When British tourist Peter Falconio disappeared in the centre of Australia on July 14, 2001, it made front page news around the world. A man had driven past his car, telling him there were sparks coming from the back of his van. Peter Falconio got out of the car to inspect. It was the last time his girlfriend Joanne Lees saw him. Remaining in the car, she heard a gunshot and was attacked and thrown into a ute. She managed to escape the gunman although he had gagged her and bound her hands.
Just what happened to Falconio ignited a massive media blitz and police hunt. While the media immediately chased interviews with Joanne Lees and attacked her for refusing to admit to the media that she was innocent (or talk publicly at all), Northern Territory police were convinced she was innocent.
Finally in August 2002 NT police had a suspect - Bradley Murdoch, a nomad arrested and later acquitted for the rape of a mother and her 12-year-old daughter. A battle was waged in the courts to test Murdoch's DNA against blood found on Joanne Lees' blouse. When they had a DNA match, police had a new legal battle over whether South Australian police should have the first chance to take Murdoch to court over the rape charges or NT police should be first off the mark given the international interest of Falconio's disappearance.
Dead Centre tells the full story of this crime and its characters. As Sydney University Associate Professor of Psychology Diana Kenny would say, 'On the face of it, it's an extraordinary tale. No body, no criminal and an English girl in the Australian outback appears to outsmart a bushman [and his dog]'. And for Joanne Lees, the days that followed would be seen through a salt-water blur. The horror was just beginning. It would not only be the police that she'd have to convince over the weeks and months to come.
Robin Bowles has covered the mystery from day one - not as a journalist but as an investigative writer. She sat through the court committal and spent more than 40 hours interviewing the suspect in jail - insider access that no other commentator has had. She has covered the trial which has just come to a close in Darwin, Australia.

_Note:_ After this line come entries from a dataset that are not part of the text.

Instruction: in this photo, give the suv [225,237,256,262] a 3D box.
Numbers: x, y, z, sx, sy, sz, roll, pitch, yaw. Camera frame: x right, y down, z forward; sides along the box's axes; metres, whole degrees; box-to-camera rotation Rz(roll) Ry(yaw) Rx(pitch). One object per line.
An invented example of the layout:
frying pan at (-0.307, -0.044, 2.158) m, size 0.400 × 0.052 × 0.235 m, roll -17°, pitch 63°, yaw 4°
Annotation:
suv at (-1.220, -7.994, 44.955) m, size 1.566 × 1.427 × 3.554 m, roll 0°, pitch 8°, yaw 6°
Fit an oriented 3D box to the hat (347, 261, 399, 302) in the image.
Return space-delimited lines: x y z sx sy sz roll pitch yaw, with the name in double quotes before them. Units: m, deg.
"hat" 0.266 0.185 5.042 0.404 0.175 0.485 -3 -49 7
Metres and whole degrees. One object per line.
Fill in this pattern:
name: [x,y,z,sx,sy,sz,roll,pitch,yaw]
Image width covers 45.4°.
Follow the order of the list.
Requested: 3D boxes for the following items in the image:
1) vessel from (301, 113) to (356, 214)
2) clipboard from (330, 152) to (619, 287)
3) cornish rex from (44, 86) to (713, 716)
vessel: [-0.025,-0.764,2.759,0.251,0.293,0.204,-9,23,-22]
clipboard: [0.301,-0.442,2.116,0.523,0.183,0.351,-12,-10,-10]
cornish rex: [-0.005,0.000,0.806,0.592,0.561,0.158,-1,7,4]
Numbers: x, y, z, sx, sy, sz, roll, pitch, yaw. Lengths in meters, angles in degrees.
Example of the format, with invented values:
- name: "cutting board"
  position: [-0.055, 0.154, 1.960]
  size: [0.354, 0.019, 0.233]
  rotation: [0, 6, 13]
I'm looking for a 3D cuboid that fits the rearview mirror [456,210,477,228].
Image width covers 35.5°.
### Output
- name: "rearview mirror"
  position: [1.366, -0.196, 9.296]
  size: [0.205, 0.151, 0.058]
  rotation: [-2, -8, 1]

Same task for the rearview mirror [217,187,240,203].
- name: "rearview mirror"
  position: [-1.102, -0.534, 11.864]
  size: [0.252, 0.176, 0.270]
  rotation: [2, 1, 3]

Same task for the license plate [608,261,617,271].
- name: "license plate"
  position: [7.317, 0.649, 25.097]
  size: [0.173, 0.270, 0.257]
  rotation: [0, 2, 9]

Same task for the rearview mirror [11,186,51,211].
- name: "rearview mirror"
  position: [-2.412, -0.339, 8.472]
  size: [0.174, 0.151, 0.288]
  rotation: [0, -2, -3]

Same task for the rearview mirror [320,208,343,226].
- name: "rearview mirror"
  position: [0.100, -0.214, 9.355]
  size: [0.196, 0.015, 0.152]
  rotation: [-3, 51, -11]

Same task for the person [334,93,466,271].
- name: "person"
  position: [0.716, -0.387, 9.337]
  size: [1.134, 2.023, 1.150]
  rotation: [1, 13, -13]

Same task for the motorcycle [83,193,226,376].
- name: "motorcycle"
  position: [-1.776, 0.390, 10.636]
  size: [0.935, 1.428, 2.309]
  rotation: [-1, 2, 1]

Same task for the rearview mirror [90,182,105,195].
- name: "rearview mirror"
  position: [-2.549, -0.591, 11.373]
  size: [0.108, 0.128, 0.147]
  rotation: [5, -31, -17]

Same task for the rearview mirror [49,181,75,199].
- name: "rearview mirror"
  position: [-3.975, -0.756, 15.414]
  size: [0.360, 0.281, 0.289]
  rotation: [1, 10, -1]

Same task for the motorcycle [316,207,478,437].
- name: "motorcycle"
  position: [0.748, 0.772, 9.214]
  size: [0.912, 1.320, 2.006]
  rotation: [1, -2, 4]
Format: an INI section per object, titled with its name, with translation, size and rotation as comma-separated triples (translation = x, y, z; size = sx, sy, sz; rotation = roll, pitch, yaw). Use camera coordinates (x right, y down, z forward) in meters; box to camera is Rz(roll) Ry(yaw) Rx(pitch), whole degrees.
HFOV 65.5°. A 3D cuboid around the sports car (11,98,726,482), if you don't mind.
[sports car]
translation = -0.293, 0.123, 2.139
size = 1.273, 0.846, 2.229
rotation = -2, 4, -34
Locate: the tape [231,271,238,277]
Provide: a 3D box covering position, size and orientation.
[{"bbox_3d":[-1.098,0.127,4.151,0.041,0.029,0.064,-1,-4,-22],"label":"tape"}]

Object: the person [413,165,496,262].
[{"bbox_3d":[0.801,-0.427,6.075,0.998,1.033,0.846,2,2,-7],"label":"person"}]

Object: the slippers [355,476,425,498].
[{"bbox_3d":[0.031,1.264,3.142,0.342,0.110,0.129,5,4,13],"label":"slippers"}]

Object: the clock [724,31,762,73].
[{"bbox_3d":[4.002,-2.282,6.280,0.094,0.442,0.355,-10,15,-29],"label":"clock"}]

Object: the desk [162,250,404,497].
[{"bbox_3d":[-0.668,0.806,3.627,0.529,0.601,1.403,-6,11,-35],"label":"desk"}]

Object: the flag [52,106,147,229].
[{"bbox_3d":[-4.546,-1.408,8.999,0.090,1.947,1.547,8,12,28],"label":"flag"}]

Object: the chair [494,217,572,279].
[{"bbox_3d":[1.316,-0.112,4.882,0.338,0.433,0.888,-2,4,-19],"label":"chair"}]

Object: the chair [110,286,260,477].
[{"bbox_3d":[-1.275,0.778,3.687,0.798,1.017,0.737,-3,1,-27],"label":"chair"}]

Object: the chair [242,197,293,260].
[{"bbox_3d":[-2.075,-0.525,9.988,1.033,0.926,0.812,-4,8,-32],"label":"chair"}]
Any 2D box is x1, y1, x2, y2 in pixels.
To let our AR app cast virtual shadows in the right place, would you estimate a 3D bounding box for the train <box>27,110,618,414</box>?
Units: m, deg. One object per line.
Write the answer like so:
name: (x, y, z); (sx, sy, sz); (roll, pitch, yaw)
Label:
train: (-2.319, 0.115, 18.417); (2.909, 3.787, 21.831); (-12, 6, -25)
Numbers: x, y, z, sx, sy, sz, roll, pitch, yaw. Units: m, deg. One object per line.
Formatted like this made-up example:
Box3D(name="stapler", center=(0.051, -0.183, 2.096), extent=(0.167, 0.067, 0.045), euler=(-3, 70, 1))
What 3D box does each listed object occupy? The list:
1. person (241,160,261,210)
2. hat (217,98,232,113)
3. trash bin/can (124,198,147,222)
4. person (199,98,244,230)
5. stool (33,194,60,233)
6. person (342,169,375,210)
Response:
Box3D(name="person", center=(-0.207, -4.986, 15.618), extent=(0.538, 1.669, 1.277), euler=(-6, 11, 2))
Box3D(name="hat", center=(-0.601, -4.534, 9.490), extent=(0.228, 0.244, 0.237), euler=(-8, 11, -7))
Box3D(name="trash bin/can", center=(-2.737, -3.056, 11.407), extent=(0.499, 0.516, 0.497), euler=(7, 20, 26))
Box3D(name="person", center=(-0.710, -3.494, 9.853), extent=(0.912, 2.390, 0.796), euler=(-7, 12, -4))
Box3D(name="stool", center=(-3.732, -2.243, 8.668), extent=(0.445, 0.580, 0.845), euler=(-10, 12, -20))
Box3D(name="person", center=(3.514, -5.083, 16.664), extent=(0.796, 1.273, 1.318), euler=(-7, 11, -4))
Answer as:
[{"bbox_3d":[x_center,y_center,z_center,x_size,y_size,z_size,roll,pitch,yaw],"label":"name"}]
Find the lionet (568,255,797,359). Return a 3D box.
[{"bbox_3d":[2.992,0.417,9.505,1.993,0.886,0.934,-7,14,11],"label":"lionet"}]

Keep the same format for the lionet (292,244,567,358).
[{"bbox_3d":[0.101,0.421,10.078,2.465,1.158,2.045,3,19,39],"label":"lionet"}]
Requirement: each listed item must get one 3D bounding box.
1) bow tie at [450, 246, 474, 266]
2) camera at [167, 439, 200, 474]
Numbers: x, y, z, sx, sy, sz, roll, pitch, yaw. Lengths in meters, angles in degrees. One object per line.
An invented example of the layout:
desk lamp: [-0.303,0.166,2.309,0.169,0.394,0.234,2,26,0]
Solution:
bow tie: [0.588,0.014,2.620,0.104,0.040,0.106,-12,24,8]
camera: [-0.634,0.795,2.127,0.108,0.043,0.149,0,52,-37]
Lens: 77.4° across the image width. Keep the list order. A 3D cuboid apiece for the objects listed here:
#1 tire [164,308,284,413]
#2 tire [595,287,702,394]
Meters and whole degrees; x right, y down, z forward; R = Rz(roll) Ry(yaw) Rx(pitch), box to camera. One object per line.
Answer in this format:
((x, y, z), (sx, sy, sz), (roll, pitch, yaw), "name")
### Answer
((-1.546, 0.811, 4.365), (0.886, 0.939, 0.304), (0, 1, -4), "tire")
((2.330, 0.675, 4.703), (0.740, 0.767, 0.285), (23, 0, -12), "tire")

Robin has interviewed more than 150 people involved in the case - people she met in all kinds of locations - pubs, cattle stations, universities, windswept beaches, dark coffee lounges, police stations and private homes. In her trademark, inquiring style, Robin tells the full story of this puzzling crime and raises key issues of legal justice. She has the police and legal contacts - as well as the reputation - to reach everyone involved in this intruiging mystery. If you want to know the truth about what happened to Peter Falconio, Robin Bowles is the person to tell it.